D’autres ont dit qu’il ne semblait y avoir ni stratégie ni logique dans l’offensive russe au-delà du symbolisme.

Résidents à l'extérieur d'un bloc résidentiel incendié par des bombardements russes à Bakhmut
Des habitants devant un bloc résidentiel de la ville incendié par des bombardements russes mercredi © LIBKOS/AP

« La fixation actuelle de Poutine sur la poursuite des opérations offensives autour de Bakhmut et ailleurs contribue à la capacité de l’Ukraine à maintenir l’initiative militaire dans d’autres parties du théâtre », a-t-il ajouté. dit l’Institut pour l’étude de la guerre.

Konrad Muzyka, directeur de Rochan Consulting, un groupe basé en Pologne qui suit la guerre, a déclaré que les forces russes « cherchaient probablement à couper une ligne terrestre de communication entre Bakhmut et Kostyantynivka » – une ville à 25 km à l’ouest.

Les signes d’une tentative d’encerclement de la Russie étaient évidents lundi, avec de nouvelles attaques au nord de Bakhmut vers la ville de Soledar ; au sud de la ville à Opytne, où les forces russes ont réussi à gagner du terrain le week-end dernier ; et derrière les lignes de front dans le village d’Ivanivske qui se trouve le long de l’une des deux artères clés menant à la ville.

Le FT a été témoin du barrage d’artillerie à Ivanivske, qui a frappé plusieurs chalets et un bâtiment de ferme, provoquant des incendies.

Mais Kostyantyn et Vasylenko ont tous deux déclaré qu’ils étaient convaincus que Bakhmut resterait sous le contrôle de Kyiv pendant l’hiver.

C’est peu de consolation pour les habitants recroquevillés dans les restes de leurs maisons. Leurs nerfs s’effilochaient, certains portaient la peur sur leurs visages, reculant à chaque explosion. D’autres, endurcis par des mois de combats, ont à peine bronché alors qu’ils erraient dans les rues en état de choc.

Vitaliy, un homme dans la cinquantaine, a déclaré qu’il n’avait plus peur de mourir.
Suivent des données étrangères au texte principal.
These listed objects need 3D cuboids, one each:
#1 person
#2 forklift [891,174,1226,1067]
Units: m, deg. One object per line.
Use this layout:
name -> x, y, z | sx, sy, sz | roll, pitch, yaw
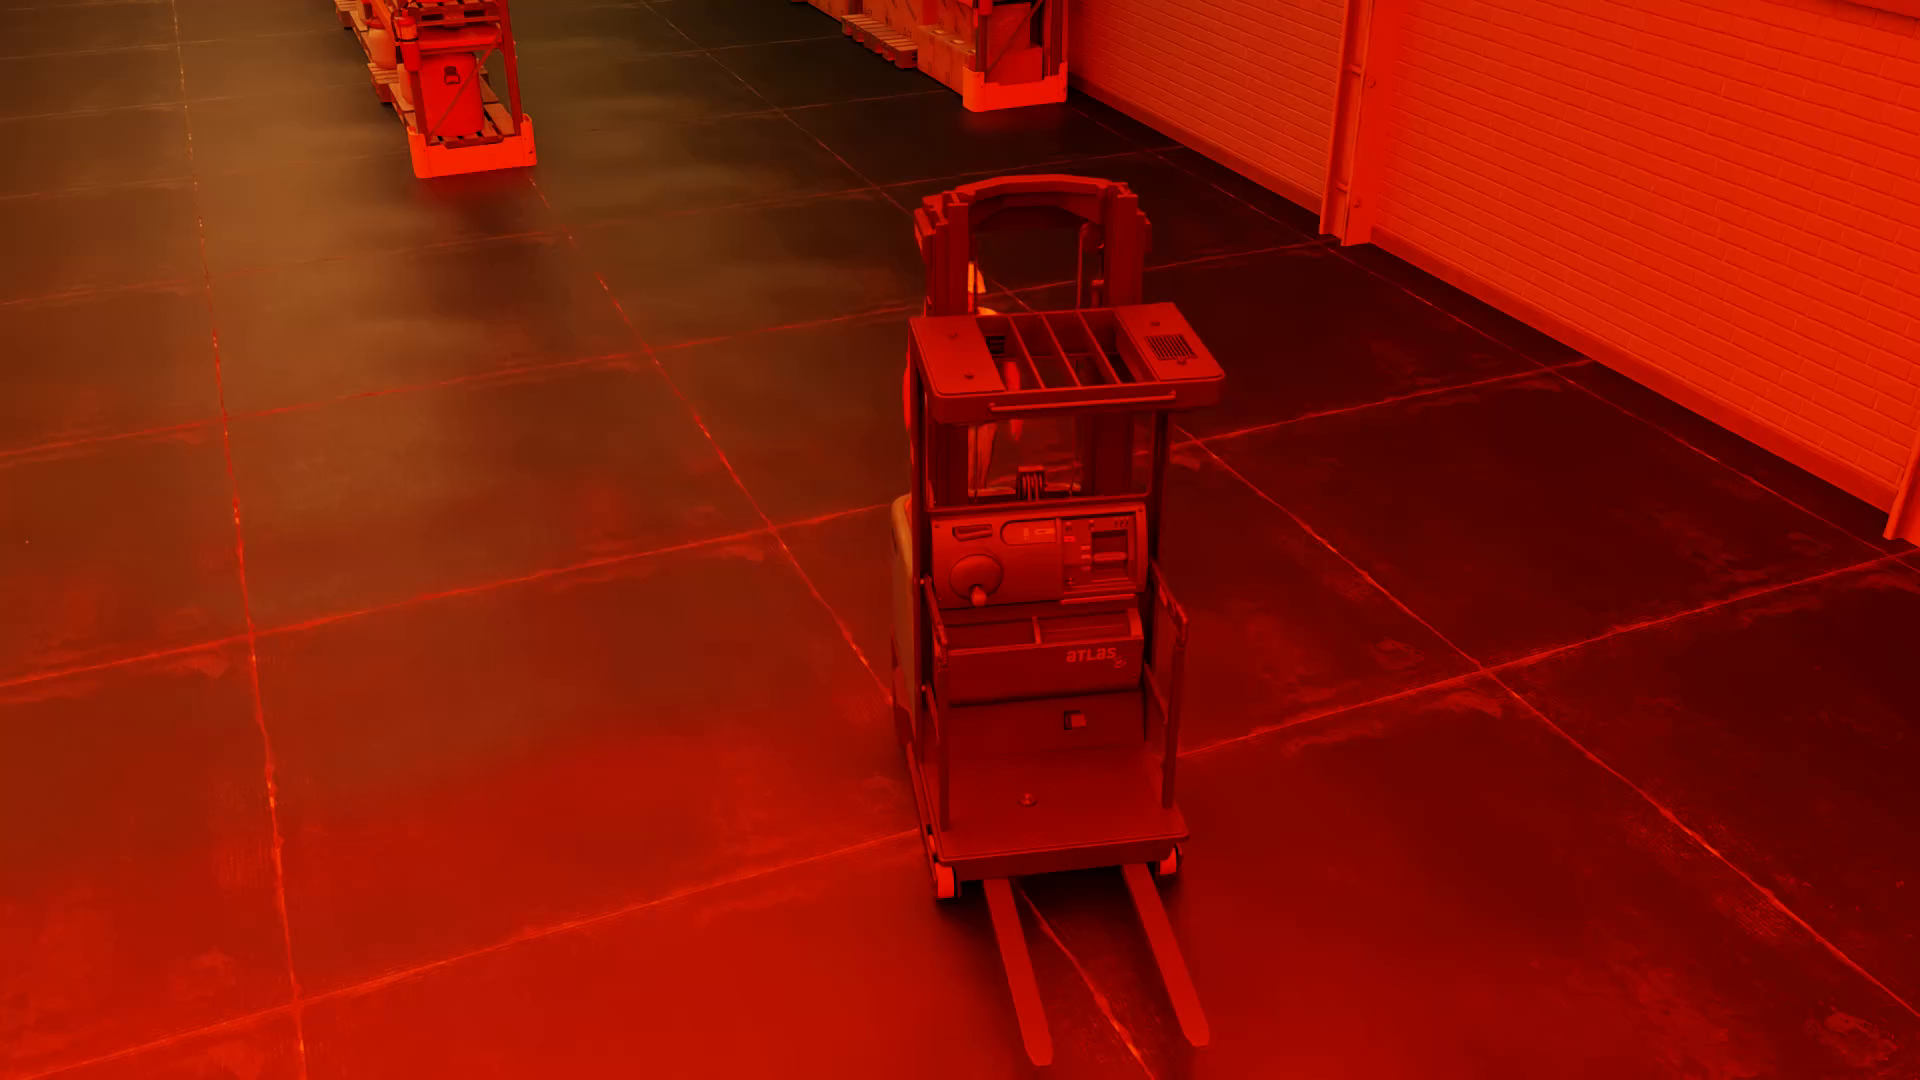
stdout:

Alors qu’une série d’explosions secouait la ville, il restait assis sur un banc sur une place, passant au crible un sac de nourriture distribué dans un centre d’aide.

Il ne voulait pas rentrer chez lui, a-t-il dit, car il avait été touché trois fois par des obus d’artillerie et il manquait certains de ses murs. Il a blâmé les forces ukrainiennes pour les dégâts, affirmant qu’elles s’étaient installées dans son quartier et en avaient ainsi fait une cible en amenant la guerre à sa porte.

Kostyantyn, qui avait combattu à Bucha près de Kyiv en mars où les libérateurs ukrainiens avaient été accueillis en héros, a déclaré qu’une telle attitude était courante.

« S’ils veulent aller en Russie, je les emmènerai en première ligne et je leur montrerai le chemin », a-t-il dit en désignant le champ de bataille.